Wednesday, March 22, 2017

If You Want Something

My son has recently discovered Daniel Tiger's Neighborhood, so naturally, we had to watch it the other night. It was my first introduction to the program, but one of the episodes had the theme that, if you want something, you should try to make it yourself. This is, essentially, what I have been trying to do in the coaching/training realm for some time. There simply does not exist (at least in this area) the appropriate level/type of coaching necessary to prepare athletes and teams for sport while greatly reducing injury risk. So, I'm trying to make it myself.
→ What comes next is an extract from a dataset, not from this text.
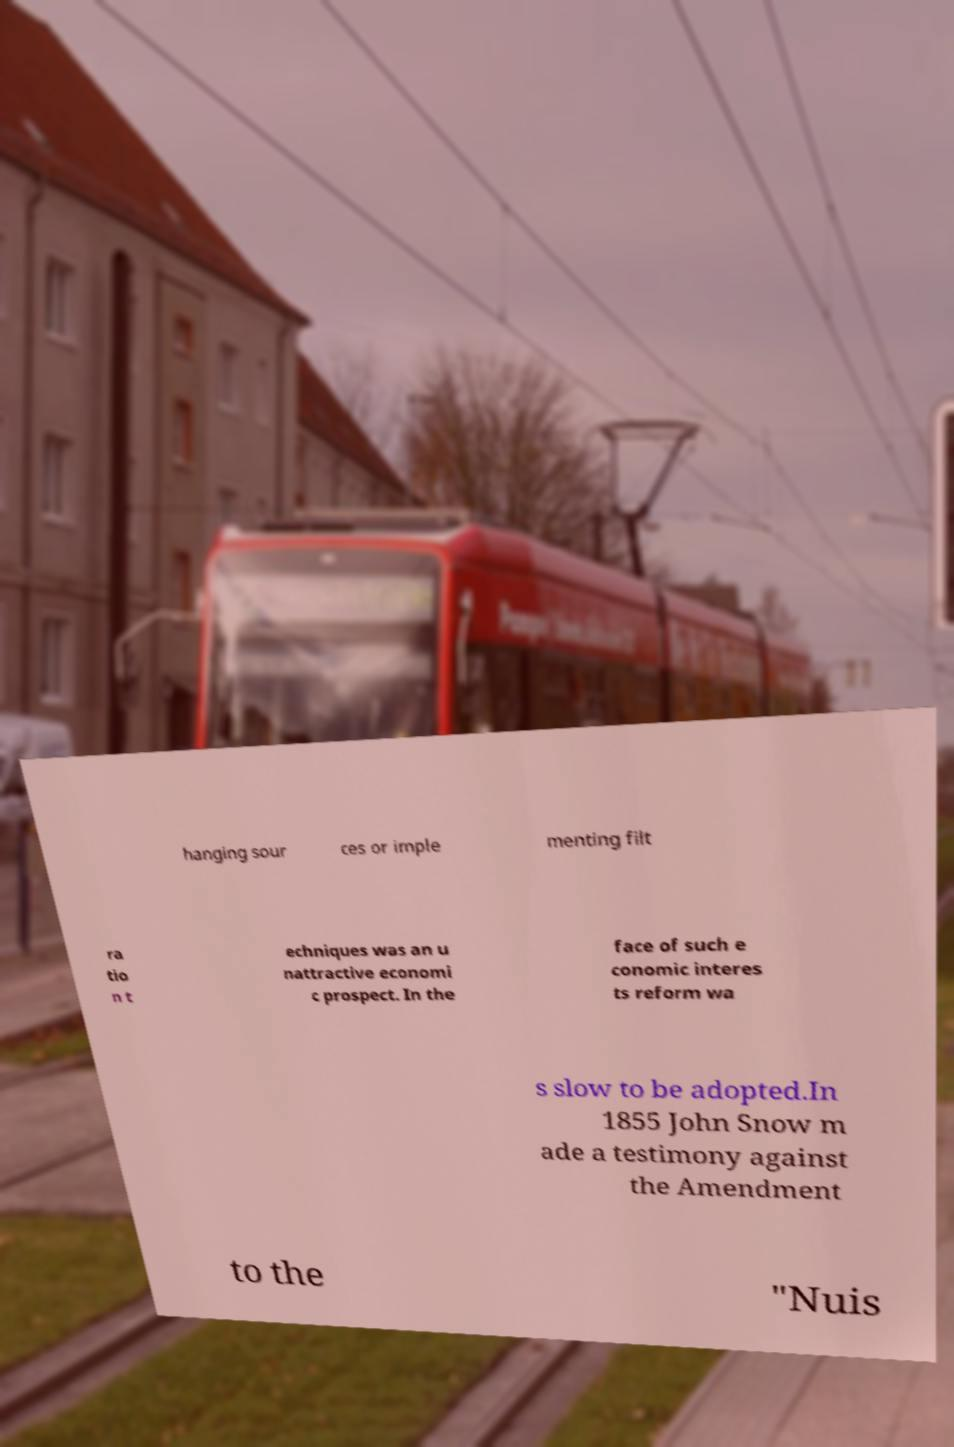Please identify and transcribe the text found in this image. hanging sour ces or imple menting filt ra tio n t echniques was an u nattractive economi c prospect. In the face of such e conomic interes ts reform wa s slow to be adopted.In 1855 John Snow m ade a testimony against the Amendment to the "Nuis 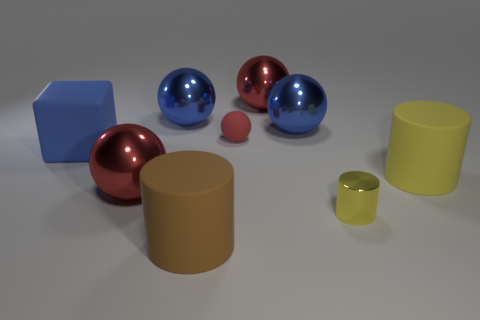Subtract all cyan cylinders. How many red spheres are left? 3 Subtract 2 spheres. How many spheres are left? 3 Subtract all green spheres. Subtract all yellow cylinders. How many spheres are left? 5 Add 1 cubes. How many objects exist? 10 Subtract all cubes. How many objects are left? 8 Add 3 cubes. How many cubes exist? 4 Subtract 1 brown cylinders. How many objects are left? 8 Subtract all purple metallic cylinders. Subtract all tiny cylinders. How many objects are left? 8 Add 1 red things. How many red things are left? 4

I'm re-reading Daniel Pink's book Drive and last night went over the section on mastery. He talks about mastery being an asymptote - a curve that approaches a line but never actually touches it. You will never truly master something. There will always be something more to learn about your very specific area of focus. Even the greatest athletes, physicists, philosophers, coaches, or whatever profession you may envision, regardless of how much better at it they were than everyone else, never truly mastered it. But, as Pink notes, it is the attempt to master that is important. It is that part that is "fun." I put fun in quotes, because, as he also notes, a lot of it is actually grueling, monotonous, unsexy, un-fun work. I'm reminded of the Oatmeal comic that I've referenced before. It's hard to keep reminding myself that, as Sir William Osler wrote, 
"Live neither in the past nor in the future, but let each day's work absorb all your interest, energy, and enthusiasm. The best preparation for tomorrow is to do today's work superbly well."